Introduction: Differentiating between different people is an essential capability of many intelligent systems. The so-called face recognition technology is also developed for this purpose. It uses the optical imaging of human faces to sense people and identify people . After decades of research and development accumulation, especially the emergence of deep learning technology in recent years, face recognition has made great progress, and has been increasingly used in security, finance, education, social security and other fields, and has also become a computer vision. One of the most successful branch areas in the field.

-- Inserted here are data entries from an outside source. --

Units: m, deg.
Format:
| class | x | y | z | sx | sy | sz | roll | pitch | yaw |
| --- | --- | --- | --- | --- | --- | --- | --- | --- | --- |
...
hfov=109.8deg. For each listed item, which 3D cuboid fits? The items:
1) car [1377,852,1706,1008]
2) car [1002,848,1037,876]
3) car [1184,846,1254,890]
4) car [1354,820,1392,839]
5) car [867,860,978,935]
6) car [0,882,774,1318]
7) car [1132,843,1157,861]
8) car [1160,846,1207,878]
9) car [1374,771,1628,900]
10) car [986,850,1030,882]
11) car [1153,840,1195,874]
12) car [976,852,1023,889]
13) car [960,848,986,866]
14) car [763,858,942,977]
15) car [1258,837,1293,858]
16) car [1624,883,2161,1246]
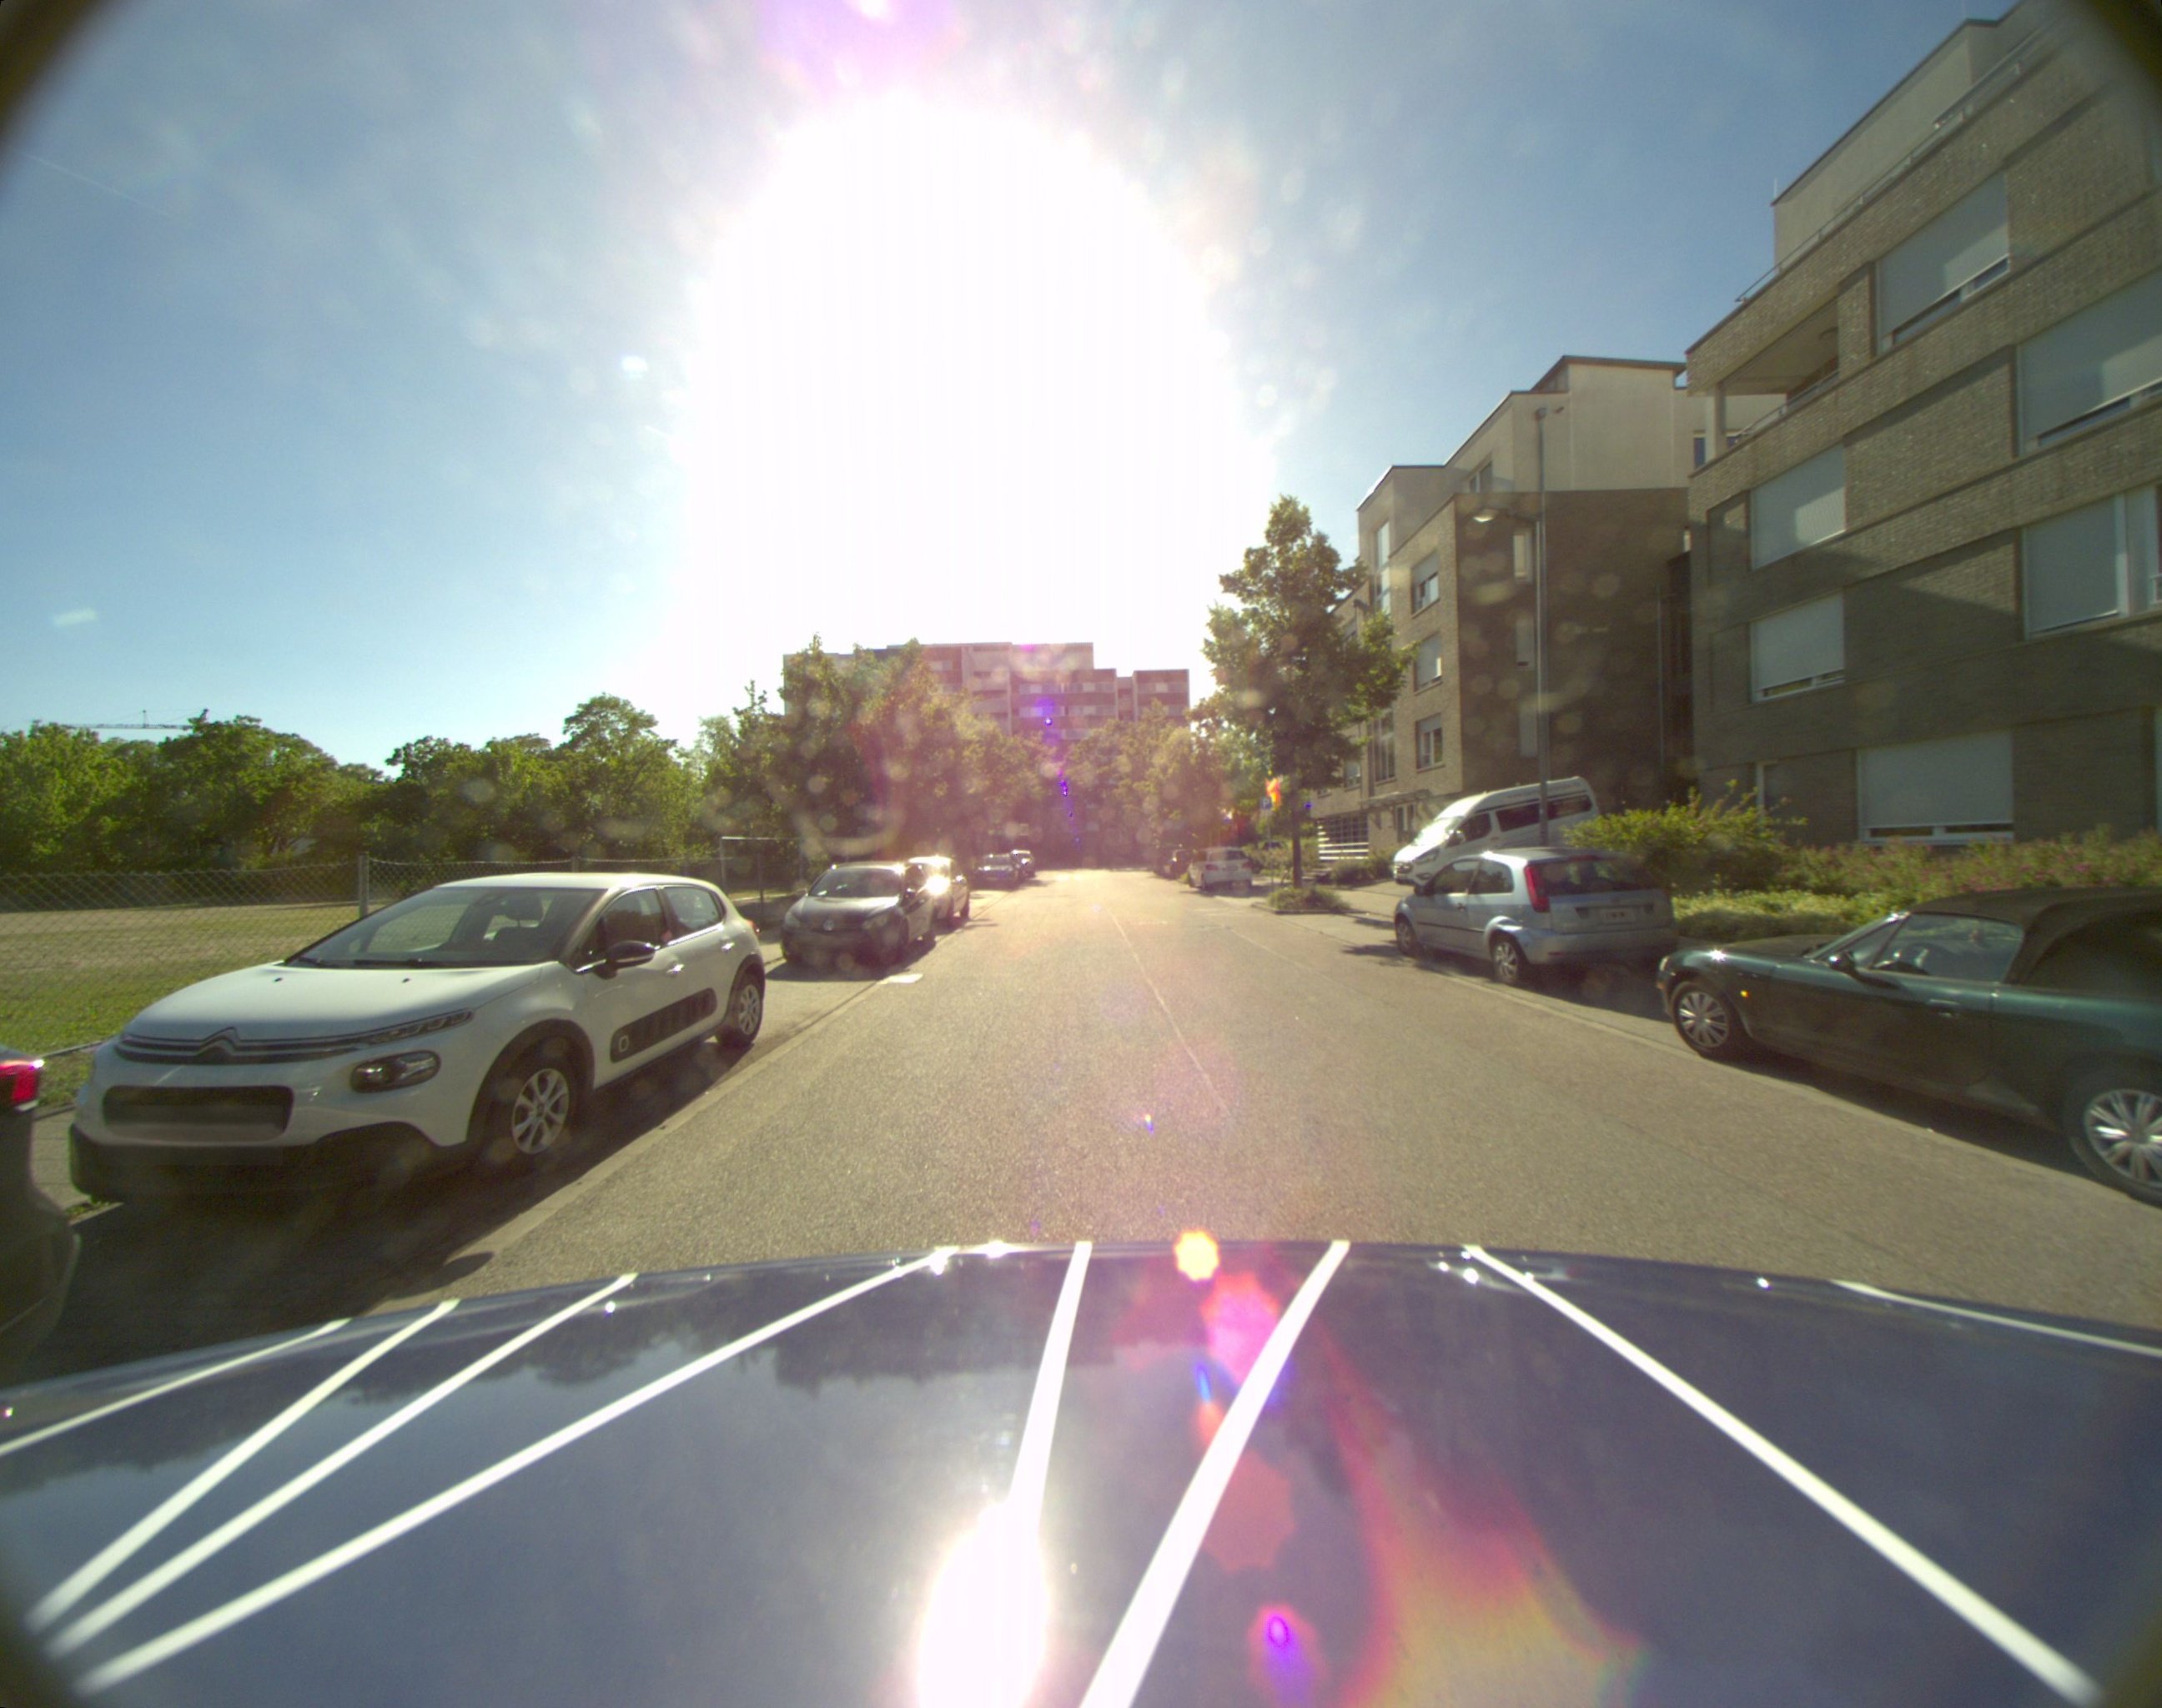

However, face recognition is not a completely mature technology. It is still far from the full application of public expectations. It still requires the joint efforts of the academic and industrial communities. For this reason, the entire face recognition community needs a Baseline system, and the level of the reference system will obviously have a great influence on the level of development in this field. However, what is embarrassing is that there is no set of completely open source reference face recognition systems including all technology modules in this field. The latest open-source Seeta Face facial recognition engine may be able to change this situation. The engine code was developed by the Face Recognition Research Group led by Shan Shiguang's researcher at the Institute of Computing, Chinese Academy of Sciences. The code is based on C++ and does not depend on any third-party library functions. The open-source protocol is BSD-2, which can be freely used by academia and industry.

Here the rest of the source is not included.